When you reach the line in the listing below that contains "blk.add_lwpolyline(points, dxfattribs=at)", begin returning lines exactly as written, and stop after the line that contains "for centre, start, end". Return no other lines.
--------
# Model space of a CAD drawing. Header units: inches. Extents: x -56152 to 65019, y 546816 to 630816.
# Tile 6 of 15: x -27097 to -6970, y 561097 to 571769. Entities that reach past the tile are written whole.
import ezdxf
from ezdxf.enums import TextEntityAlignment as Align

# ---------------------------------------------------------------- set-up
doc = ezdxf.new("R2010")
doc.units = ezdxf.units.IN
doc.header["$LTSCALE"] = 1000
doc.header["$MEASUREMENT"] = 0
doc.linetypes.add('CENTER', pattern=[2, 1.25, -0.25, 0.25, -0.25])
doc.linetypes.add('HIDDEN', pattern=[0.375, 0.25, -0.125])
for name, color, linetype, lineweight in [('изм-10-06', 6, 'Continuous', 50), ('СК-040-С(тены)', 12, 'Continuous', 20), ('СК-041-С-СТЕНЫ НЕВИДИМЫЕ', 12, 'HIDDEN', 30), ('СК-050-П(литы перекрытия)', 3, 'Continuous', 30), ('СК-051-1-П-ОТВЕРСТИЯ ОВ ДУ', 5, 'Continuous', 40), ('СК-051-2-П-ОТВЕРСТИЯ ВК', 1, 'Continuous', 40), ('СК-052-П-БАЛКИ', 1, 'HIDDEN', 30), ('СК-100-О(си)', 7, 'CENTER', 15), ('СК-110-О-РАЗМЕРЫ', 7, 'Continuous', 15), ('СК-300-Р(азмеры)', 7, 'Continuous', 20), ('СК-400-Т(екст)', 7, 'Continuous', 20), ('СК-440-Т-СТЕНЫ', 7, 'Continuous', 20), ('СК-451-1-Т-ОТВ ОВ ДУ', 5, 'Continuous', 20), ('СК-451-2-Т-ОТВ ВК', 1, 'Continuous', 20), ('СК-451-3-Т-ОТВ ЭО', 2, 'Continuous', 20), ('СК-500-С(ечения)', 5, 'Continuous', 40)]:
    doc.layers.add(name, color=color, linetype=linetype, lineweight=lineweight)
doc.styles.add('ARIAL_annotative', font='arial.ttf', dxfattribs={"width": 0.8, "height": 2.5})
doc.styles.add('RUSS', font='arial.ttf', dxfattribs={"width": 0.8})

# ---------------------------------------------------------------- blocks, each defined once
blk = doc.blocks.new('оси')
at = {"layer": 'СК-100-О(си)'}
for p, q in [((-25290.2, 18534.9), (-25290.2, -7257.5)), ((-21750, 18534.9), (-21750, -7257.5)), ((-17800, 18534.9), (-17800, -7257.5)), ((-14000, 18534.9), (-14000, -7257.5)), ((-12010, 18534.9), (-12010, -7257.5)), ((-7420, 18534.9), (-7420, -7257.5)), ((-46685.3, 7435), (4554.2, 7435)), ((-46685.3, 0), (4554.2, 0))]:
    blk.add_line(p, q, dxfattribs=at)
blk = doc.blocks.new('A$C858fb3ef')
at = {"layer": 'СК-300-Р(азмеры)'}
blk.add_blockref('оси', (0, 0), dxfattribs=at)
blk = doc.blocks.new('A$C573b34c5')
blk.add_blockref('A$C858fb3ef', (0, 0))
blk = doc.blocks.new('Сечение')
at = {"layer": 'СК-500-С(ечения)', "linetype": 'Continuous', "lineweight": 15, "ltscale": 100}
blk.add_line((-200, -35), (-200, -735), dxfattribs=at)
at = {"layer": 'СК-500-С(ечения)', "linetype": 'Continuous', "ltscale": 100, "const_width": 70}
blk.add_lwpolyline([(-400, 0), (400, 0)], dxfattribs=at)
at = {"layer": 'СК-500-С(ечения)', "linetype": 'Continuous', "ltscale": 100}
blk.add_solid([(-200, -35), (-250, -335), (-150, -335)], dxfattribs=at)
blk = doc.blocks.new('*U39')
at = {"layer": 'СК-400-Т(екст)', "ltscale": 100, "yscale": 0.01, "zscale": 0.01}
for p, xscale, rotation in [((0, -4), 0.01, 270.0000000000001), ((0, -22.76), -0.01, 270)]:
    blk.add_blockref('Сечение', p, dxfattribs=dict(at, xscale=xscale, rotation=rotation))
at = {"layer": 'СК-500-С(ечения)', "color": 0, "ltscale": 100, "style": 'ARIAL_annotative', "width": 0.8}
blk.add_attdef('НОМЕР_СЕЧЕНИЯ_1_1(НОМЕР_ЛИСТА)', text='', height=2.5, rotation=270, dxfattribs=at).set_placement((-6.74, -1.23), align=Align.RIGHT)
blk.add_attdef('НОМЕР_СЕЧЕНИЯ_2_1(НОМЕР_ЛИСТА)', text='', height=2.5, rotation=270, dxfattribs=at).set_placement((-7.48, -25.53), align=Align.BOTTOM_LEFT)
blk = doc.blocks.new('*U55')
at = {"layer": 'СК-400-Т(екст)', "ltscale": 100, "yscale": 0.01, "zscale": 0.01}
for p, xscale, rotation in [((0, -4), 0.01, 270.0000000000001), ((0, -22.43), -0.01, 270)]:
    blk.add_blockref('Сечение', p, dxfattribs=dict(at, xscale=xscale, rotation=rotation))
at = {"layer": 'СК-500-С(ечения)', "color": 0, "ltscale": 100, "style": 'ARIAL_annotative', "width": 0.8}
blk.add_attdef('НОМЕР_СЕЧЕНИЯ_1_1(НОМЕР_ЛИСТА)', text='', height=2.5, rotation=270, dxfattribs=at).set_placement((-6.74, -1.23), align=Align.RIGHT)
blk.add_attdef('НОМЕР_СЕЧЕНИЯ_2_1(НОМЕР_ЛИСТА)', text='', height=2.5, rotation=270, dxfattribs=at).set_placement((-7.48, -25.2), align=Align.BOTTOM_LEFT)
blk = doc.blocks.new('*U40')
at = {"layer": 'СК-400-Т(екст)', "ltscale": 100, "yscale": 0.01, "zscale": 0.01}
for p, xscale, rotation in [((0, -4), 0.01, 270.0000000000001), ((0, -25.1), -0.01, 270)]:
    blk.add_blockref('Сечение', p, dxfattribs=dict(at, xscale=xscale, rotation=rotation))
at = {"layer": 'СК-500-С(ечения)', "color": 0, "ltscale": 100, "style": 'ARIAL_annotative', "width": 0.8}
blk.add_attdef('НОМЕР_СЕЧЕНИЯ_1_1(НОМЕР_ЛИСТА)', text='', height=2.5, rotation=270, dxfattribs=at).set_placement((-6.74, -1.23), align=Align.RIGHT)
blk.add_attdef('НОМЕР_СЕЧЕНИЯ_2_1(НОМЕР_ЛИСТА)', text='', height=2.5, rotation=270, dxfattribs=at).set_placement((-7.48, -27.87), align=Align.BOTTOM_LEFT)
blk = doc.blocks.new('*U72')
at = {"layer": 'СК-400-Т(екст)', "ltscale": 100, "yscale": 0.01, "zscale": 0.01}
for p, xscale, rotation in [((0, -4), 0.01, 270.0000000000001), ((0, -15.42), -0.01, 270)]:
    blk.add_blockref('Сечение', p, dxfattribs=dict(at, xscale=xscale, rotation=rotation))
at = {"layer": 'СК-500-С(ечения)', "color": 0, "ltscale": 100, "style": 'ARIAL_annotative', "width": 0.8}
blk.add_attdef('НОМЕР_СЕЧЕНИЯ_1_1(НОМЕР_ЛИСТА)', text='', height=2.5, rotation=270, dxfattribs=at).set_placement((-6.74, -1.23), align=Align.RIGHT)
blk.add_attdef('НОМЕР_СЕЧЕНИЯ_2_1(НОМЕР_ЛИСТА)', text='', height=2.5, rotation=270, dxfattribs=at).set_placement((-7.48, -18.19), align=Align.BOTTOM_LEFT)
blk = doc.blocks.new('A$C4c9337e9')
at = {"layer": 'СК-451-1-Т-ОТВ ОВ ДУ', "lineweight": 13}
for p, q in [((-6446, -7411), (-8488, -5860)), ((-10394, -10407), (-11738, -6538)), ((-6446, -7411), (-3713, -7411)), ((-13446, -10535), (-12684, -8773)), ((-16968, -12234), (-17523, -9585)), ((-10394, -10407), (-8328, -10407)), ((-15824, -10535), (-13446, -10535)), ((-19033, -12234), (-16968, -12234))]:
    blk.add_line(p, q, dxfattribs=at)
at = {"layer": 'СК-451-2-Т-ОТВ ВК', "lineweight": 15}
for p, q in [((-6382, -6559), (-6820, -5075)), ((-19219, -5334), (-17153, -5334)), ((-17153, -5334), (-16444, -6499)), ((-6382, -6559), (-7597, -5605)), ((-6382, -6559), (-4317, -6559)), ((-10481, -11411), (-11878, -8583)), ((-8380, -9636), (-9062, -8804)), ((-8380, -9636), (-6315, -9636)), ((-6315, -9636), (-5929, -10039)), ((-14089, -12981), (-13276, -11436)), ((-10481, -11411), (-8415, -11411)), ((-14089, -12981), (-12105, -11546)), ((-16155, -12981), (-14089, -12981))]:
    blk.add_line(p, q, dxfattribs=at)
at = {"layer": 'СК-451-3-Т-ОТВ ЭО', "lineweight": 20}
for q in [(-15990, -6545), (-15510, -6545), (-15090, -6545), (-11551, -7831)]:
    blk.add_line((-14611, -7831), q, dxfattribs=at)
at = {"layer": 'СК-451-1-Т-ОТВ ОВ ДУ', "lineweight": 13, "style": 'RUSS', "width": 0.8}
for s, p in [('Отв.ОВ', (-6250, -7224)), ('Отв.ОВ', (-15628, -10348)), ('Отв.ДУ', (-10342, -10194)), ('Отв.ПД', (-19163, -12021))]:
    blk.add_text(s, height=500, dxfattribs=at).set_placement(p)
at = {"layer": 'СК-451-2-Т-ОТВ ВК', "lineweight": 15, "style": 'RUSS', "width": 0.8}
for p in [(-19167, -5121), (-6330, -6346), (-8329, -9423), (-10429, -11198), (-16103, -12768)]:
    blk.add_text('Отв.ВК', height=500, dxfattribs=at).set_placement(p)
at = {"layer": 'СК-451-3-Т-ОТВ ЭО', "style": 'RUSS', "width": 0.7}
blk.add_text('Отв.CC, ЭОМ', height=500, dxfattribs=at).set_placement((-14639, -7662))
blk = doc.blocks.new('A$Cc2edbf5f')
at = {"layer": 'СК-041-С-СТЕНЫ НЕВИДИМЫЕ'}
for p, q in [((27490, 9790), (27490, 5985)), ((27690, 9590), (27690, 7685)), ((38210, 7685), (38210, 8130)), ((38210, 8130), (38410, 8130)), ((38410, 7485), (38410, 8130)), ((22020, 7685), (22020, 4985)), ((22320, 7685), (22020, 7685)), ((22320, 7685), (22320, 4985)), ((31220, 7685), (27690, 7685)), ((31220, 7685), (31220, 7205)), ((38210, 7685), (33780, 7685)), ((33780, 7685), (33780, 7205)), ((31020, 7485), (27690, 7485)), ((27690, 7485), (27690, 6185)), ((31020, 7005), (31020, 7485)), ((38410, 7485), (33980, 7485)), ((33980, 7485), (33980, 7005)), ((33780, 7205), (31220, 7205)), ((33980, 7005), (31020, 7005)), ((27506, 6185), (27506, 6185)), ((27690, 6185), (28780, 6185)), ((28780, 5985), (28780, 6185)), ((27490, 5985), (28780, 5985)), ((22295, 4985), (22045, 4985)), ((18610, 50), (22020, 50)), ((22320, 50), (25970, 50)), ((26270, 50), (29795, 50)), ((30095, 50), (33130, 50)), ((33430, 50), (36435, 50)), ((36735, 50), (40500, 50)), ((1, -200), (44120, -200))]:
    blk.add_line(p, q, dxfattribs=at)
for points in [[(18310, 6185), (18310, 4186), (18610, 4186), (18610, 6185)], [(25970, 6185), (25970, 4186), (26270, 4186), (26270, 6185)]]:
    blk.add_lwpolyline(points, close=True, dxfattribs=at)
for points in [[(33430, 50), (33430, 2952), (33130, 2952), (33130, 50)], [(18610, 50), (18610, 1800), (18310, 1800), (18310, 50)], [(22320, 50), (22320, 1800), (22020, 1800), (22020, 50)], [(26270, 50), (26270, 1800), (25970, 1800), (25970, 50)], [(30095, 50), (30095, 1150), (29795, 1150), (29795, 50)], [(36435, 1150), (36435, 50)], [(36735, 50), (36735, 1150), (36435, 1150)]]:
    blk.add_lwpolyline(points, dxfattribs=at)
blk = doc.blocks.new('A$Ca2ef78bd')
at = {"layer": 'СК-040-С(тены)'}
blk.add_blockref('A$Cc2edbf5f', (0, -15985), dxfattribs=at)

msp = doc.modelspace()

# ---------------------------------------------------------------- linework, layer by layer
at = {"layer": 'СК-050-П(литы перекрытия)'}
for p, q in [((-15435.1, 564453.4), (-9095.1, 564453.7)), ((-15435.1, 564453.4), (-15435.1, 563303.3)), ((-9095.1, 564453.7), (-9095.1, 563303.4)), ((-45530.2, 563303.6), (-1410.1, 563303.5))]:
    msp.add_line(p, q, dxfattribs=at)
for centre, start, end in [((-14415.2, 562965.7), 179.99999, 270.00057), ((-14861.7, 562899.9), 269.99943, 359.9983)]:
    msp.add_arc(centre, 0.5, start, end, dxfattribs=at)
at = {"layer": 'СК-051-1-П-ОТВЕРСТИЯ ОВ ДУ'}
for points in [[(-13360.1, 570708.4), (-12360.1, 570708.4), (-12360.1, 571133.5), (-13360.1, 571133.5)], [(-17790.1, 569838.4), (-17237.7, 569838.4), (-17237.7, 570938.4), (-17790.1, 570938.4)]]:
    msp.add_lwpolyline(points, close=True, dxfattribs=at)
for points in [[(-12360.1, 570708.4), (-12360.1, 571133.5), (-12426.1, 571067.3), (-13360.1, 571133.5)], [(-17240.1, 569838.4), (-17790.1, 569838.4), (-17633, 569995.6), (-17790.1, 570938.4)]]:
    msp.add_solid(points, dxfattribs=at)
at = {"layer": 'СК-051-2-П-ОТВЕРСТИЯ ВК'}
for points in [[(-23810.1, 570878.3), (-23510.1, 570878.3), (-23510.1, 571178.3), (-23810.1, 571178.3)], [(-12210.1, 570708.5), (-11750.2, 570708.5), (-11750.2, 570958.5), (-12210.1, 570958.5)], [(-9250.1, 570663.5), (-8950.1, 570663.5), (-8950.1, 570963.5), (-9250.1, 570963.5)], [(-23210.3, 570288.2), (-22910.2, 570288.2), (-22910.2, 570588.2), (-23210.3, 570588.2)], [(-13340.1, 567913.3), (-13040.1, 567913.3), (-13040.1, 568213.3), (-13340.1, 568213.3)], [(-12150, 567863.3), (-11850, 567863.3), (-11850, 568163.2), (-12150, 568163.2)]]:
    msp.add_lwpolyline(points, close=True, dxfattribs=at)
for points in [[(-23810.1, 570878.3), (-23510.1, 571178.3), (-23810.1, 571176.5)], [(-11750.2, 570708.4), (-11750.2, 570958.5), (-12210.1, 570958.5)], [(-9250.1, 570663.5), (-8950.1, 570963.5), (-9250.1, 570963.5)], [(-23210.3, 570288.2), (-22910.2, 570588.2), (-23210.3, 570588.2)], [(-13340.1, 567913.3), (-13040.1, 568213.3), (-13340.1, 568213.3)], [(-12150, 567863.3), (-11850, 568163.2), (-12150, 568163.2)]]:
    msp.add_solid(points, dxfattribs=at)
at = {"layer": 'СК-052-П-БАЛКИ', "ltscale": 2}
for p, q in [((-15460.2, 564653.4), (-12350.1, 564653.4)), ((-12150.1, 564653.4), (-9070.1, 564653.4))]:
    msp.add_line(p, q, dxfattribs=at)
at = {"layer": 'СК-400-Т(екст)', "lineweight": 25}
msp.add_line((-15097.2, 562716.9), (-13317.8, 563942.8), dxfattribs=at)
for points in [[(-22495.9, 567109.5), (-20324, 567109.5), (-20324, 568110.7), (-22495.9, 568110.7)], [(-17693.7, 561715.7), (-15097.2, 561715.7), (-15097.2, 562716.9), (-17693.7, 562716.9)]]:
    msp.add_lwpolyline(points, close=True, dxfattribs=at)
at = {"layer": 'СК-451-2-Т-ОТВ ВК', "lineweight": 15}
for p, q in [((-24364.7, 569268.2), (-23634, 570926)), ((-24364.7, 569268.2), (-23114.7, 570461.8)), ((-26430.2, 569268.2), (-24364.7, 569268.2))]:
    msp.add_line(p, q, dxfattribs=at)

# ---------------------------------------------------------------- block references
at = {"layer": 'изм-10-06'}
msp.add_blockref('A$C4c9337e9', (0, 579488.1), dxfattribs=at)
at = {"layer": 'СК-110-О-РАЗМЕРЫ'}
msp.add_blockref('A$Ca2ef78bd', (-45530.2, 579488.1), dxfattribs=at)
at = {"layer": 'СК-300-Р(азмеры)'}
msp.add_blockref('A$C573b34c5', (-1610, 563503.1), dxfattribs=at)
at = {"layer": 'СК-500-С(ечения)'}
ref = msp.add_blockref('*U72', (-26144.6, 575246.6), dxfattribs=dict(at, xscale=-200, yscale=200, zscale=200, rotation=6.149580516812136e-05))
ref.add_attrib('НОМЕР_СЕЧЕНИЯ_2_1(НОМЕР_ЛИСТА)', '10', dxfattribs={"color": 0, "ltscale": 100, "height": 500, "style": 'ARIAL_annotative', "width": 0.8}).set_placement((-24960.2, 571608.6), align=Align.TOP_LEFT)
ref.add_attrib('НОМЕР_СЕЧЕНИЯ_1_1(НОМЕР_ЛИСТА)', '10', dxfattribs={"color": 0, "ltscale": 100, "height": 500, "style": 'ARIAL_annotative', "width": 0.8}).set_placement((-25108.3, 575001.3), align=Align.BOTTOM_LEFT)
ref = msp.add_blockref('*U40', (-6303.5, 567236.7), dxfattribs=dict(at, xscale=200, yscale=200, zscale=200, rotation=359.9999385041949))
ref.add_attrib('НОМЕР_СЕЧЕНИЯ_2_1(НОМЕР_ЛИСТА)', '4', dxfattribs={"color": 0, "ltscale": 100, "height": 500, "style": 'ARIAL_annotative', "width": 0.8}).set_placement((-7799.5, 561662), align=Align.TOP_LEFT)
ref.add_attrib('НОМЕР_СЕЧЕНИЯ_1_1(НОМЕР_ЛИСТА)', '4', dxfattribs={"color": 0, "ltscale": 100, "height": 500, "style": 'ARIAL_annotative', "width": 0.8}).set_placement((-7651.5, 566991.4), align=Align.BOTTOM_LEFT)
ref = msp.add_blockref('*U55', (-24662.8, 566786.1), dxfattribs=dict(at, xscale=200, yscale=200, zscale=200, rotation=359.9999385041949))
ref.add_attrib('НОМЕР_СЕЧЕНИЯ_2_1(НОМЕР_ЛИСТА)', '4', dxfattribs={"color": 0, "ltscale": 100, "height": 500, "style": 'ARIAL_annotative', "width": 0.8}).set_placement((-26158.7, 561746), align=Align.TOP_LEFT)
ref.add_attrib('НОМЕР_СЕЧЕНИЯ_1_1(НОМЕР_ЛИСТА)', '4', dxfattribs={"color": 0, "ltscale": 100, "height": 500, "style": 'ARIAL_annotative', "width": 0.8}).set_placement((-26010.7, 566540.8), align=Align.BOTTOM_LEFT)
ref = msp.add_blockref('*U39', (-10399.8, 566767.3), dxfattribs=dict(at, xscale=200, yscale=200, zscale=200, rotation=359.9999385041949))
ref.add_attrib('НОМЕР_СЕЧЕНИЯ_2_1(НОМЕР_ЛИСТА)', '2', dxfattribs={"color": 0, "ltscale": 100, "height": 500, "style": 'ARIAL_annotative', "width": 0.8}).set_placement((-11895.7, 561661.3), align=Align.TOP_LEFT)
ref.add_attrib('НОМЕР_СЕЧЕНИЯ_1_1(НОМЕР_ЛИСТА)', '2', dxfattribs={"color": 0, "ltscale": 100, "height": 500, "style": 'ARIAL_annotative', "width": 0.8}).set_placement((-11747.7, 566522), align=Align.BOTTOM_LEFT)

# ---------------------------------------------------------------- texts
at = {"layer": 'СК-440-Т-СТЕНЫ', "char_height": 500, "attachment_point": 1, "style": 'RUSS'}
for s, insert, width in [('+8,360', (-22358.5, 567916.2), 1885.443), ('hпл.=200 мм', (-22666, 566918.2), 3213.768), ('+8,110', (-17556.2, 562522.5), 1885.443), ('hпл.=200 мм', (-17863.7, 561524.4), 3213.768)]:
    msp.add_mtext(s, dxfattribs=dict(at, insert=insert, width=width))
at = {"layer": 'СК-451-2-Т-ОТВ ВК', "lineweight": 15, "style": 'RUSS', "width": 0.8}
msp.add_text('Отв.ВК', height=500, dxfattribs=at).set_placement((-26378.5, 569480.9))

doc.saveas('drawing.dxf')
--------
**Solution**:
    blk.add_lwpolyline(points, dxfattribs=at)
blk = doc.blocks.new('A$Ca2ef78bd')
at = {"layer": 'СК-040-С(тены)'}
blk.add_blockref('A$Cc2edbf5f', (0, -15985), dxfattribs=at)

msp = doc.modelspace()

# ---------------------------------------------------------------- linework, layer by layer
at = {"layer": 'СК-050-П(литы перекрытия)'}
for p, q in [((-15435.1, 564453.4), (-9095.1, 564453.7)), ((-15435.1, 564453.4), (-15435.1, 563303.3)), ((-9095.1, 564453.7), (-9095.1, 563303.4)), ((-45530.2, 563303.6), (-1410.1, 563303.5))]:
    msp.add_line(p, q, dxfattribs=at)
for centre, start, end in [((-14415.2, 562965.7), 179.99999, 270.00057), ((-14861.7, 562899.9), 269.99943, 359.9983)]:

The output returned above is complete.